→ DATA SHOWN
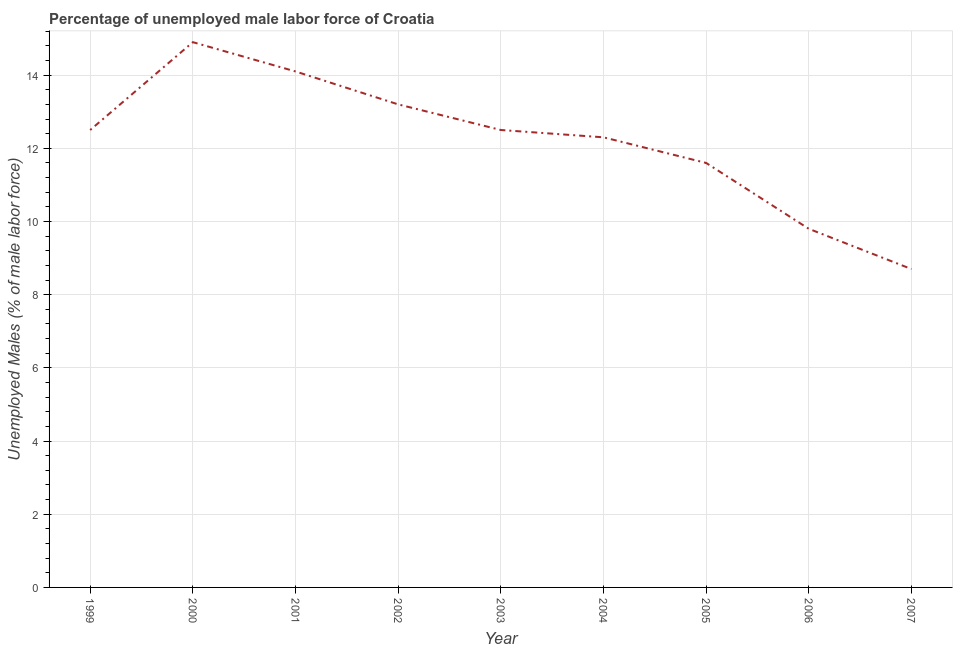What is the total unemployed male labour force in 2006?
Ensure brevity in your answer.  9.8. Across all years, what is the maximum total unemployed male labour force?
Give a very brief answer. 14.9. Across all years, what is the minimum total unemployed male labour force?
Your answer should be compact. 8.7. In which year was the total unemployed male labour force maximum?
Ensure brevity in your answer.  2000. In which year was the total unemployed male labour force minimum?
Provide a succinct answer. 2007. What is the sum of the total unemployed male labour force?
Provide a short and direct response. 109.6. What is the difference between the total unemployed male labour force in 1999 and 2007?
Offer a terse response. 3.8. What is the average total unemployed male labour force per year?
Offer a very short reply. 12.18. What is the median total unemployed male labour force?
Offer a terse response. 12.5. Do a majority of the years between 1999 and 2003 (inclusive) have total unemployed male labour force greater than 5.6 %?
Your response must be concise. Yes. What is the ratio of the total unemployed male labour force in 2004 to that in 2005?
Offer a terse response. 1.06. Is the total unemployed male labour force in 2004 less than that in 2006?
Provide a succinct answer. No. Is the difference between the total unemployed male labour force in 2005 and 2006 greater than the difference between any two years?
Provide a succinct answer. No. What is the difference between the highest and the second highest total unemployed male labour force?
Your answer should be compact. 0.8. What is the difference between the highest and the lowest total unemployed male labour force?
Keep it short and to the point. 6.2. In how many years, is the total unemployed male labour force greater than the average total unemployed male labour force taken over all years?
Keep it short and to the point. 6. Does the total unemployed male labour force monotonically increase over the years?
Provide a short and direct response. No. How many lines are there?
Keep it short and to the point. 1. What is the difference between two consecutive major ticks on the Y-axis?
Provide a short and direct response. 2. Are the values on the major ticks of Y-axis written in scientific E-notation?
Ensure brevity in your answer.  No. What is the title of the graph?
Your response must be concise. Percentage of unemployed male labor force of Croatia. What is the label or title of the Y-axis?
Offer a terse response. Unemployed Males (% of male labor force). What is the Unemployed Males (% of male labor force) of 2000?
Offer a terse response. 14.9. What is the Unemployed Males (% of male labor force) of 2001?
Ensure brevity in your answer.  14.1. What is the Unemployed Males (% of male labor force) of 2002?
Give a very brief answer. 13.2. What is the Unemployed Males (% of male labor force) in 2003?
Provide a short and direct response. 12.5. What is the Unemployed Males (% of male labor force) of 2004?
Make the answer very short. 12.3. What is the Unemployed Males (% of male labor force) in 2005?
Your answer should be compact. 11.6. What is the Unemployed Males (% of male labor force) in 2006?
Your response must be concise. 9.8. What is the Unemployed Males (% of male labor force) in 2007?
Ensure brevity in your answer.  8.7. What is the difference between the Unemployed Males (% of male labor force) in 1999 and 2003?
Keep it short and to the point. 0. What is the difference between the Unemployed Males (% of male labor force) in 1999 and 2004?
Make the answer very short. 0.2. What is the difference between the Unemployed Males (% of male labor force) in 2000 and 2005?
Give a very brief answer. 3.3. What is the difference between the Unemployed Males (% of male labor force) in 2001 and 2002?
Your response must be concise. 0.9. What is the difference between the Unemployed Males (% of male labor force) in 2001 and 2003?
Your response must be concise. 1.6. What is the difference between the Unemployed Males (% of male labor force) in 2001 and 2006?
Ensure brevity in your answer.  4.3. What is the difference between the Unemployed Males (% of male labor force) in 2001 and 2007?
Give a very brief answer. 5.4. What is the difference between the Unemployed Males (% of male labor force) in 2002 and 2006?
Your answer should be compact. 3.4. What is the difference between the Unemployed Males (% of male labor force) in 2003 and 2006?
Provide a short and direct response. 2.7. What is the difference between the Unemployed Males (% of male labor force) in 2004 and 2006?
Keep it short and to the point. 2.5. What is the difference between the Unemployed Males (% of male labor force) in 2005 and 2007?
Offer a terse response. 2.9. What is the ratio of the Unemployed Males (% of male labor force) in 1999 to that in 2000?
Offer a very short reply. 0.84. What is the ratio of the Unemployed Males (% of male labor force) in 1999 to that in 2001?
Provide a succinct answer. 0.89. What is the ratio of the Unemployed Males (% of male labor force) in 1999 to that in 2002?
Give a very brief answer. 0.95. What is the ratio of the Unemployed Males (% of male labor force) in 1999 to that in 2004?
Keep it short and to the point. 1.02. What is the ratio of the Unemployed Males (% of male labor force) in 1999 to that in 2005?
Your answer should be very brief. 1.08. What is the ratio of the Unemployed Males (% of male labor force) in 1999 to that in 2006?
Give a very brief answer. 1.28. What is the ratio of the Unemployed Males (% of male labor force) in 1999 to that in 2007?
Your answer should be very brief. 1.44. What is the ratio of the Unemployed Males (% of male labor force) in 2000 to that in 2001?
Keep it short and to the point. 1.06. What is the ratio of the Unemployed Males (% of male labor force) in 2000 to that in 2002?
Offer a terse response. 1.13. What is the ratio of the Unemployed Males (% of male labor force) in 2000 to that in 2003?
Ensure brevity in your answer.  1.19. What is the ratio of the Unemployed Males (% of male labor force) in 2000 to that in 2004?
Your answer should be compact. 1.21. What is the ratio of the Unemployed Males (% of male labor force) in 2000 to that in 2005?
Offer a terse response. 1.28. What is the ratio of the Unemployed Males (% of male labor force) in 2000 to that in 2006?
Your response must be concise. 1.52. What is the ratio of the Unemployed Males (% of male labor force) in 2000 to that in 2007?
Keep it short and to the point. 1.71. What is the ratio of the Unemployed Males (% of male labor force) in 2001 to that in 2002?
Offer a terse response. 1.07. What is the ratio of the Unemployed Males (% of male labor force) in 2001 to that in 2003?
Your answer should be compact. 1.13. What is the ratio of the Unemployed Males (% of male labor force) in 2001 to that in 2004?
Ensure brevity in your answer.  1.15. What is the ratio of the Unemployed Males (% of male labor force) in 2001 to that in 2005?
Offer a very short reply. 1.22. What is the ratio of the Unemployed Males (% of male labor force) in 2001 to that in 2006?
Give a very brief answer. 1.44. What is the ratio of the Unemployed Males (% of male labor force) in 2001 to that in 2007?
Make the answer very short. 1.62. What is the ratio of the Unemployed Males (% of male labor force) in 2002 to that in 2003?
Give a very brief answer. 1.06. What is the ratio of the Unemployed Males (% of male labor force) in 2002 to that in 2004?
Your answer should be very brief. 1.07. What is the ratio of the Unemployed Males (% of male labor force) in 2002 to that in 2005?
Your answer should be very brief. 1.14. What is the ratio of the Unemployed Males (% of male labor force) in 2002 to that in 2006?
Your answer should be compact. 1.35. What is the ratio of the Unemployed Males (% of male labor force) in 2002 to that in 2007?
Provide a succinct answer. 1.52. What is the ratio of the Unemployed Males (% of male labor force) in 2003 to that in 2004?
Provide a short and direct response. 1.02. What is the ratio of the Unemployed Males (% of male labor force) in 2003 to that in 2005?
Offer a very short reply. 1.08. What is the ratio of the Unemployed Males (% of male labor force) in 2003 to that in 2006?
Provide a succinct answer. 1.28. What is the ratio of the Unemployed Males (% of male labor force) in 2003 to that in 2007?
Your response must be concise. 1.44. What is the ratio of the Unemployed Males (% of male labor force) in 2004 to that in 2005?
Ensure brevity in your answer.  1.06. What is the ratio of the Unemployed Males (% of male labor force) in 2004 to that in 2006?
Make the answer very short. 1.25. What is the ratio of the Unemployed Males (% of male labor force) in 2004 to that in 2007?
Provide a short and direct response. 1.41. What is the ratio of the Unemployed Males (% of male labor force) in 2005 to that in 2006?
Your answer should be very brief. 1.18. What is the ratio of the Unemployed Males (% of male labor force) in 2005 to that in 2007?
Your response must be concise. 1.33. What is the ratio of the Unemployed Males (% of male labor force) in 2006 to that in 2007?
Your answer should be very brief. 1.13. 
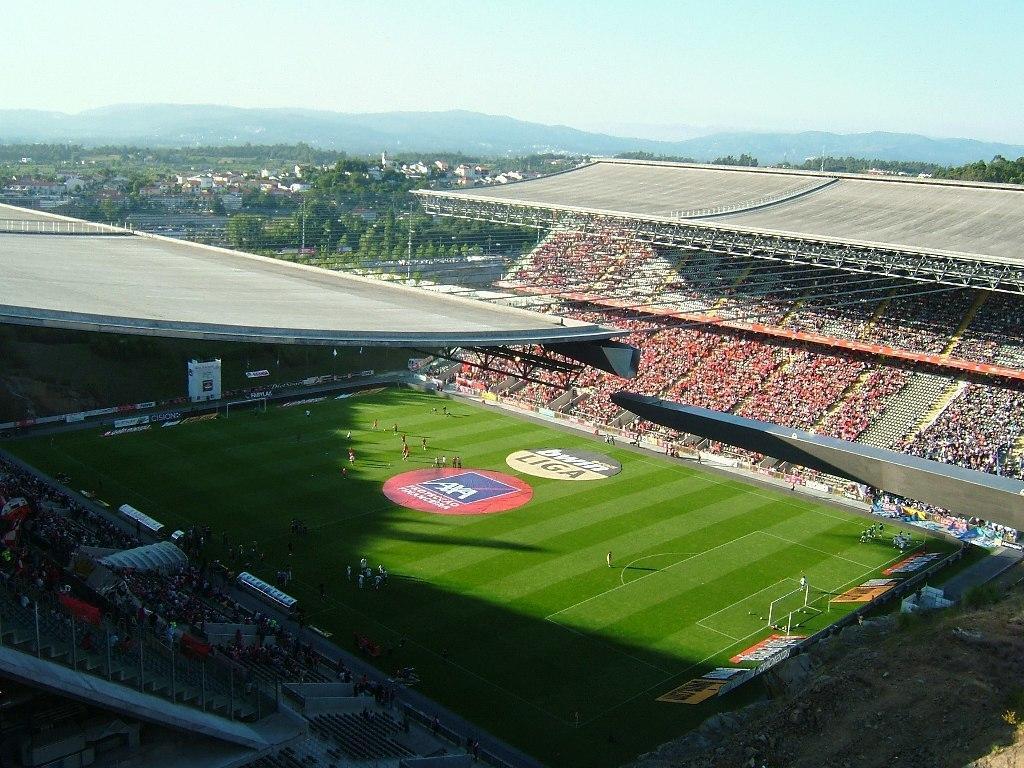Please provide a concise description of this image. Picture of a stadium. Here we can see people, hoardings, open-sheds and grass. Background we can see trees, buildings, mountains and sky.

→ DIRECTIONS FOR THIS TASK
Reproduce only the lines above, starting at the line with "Keep it short and to the point. 1. What" and ending at the line with "Your response must be concise. 1.6.", exactly as written.

→ RESPONSE BELOW
Keep it short and to the point. 1. What is the difference between two consecutive major ticks on the Y-axis?
Provide a short and direct response. 2. Are the values on the major ticks of Y-axis written in scientific E-notation?
Ensure brevity in your answer.  No. What is the title of the graph?
Your response must be concise. Percentage of unemployed male labor force of Croatia. What is the label or title of the Y-axis?
Offer a terse response. Unemployed Males (% of male labor force). What is the Unemployed Males (% of male labor force) of 2000?
Offer a terse response. 14.9. What is the Unemployed Males (% of male labor force) of 2001?
Ensure brevity in your answer.  14.1. What is the Unemployed Males (% of male labor force) of 2002?
Give a very brief answer. 13.2. What is the Unemployed Males (% of male labor force) in 2003?
Provide a short and direct response. 12.5. What is the Unemployed Males (% of male labor force) of 2004?
Make the answer very short. 12.3. What is the Unemployed Males (% of male labor force) in 2005?
Your answer should be compact. 11.6. What is the Unemployed Males (% of male labor force) in 2006?
Your response must be concise. 9.8. What is the Unemployed Males (% of male labor force) in 2007?
Ensure brevity in your answer.  8.7. What is the difference between the Unemployed Males (% of male labor force) in 1999 and 2003?
Keep it short and to the point. 0. What is the difference between the Unemployed Males (% of male labor force) in 1999 and 2004?
Make the answer very short. 0.2. What is the difference between the Unemployed Males (% of male labor force) in 2000 and 2005?
Give a very brief answer. 3.3. What is the difference between the Unemployed Males (% of male labor force) in 2001 and 2002?
Your response must be concise. 0.9. What is the difference between the Unemployed Males (% of male labor force) in 2001 and 2003?
Your response must be concise. 1.6. What is the difference between the Unemployed Males (% of male labor force) in 2001 and 2006?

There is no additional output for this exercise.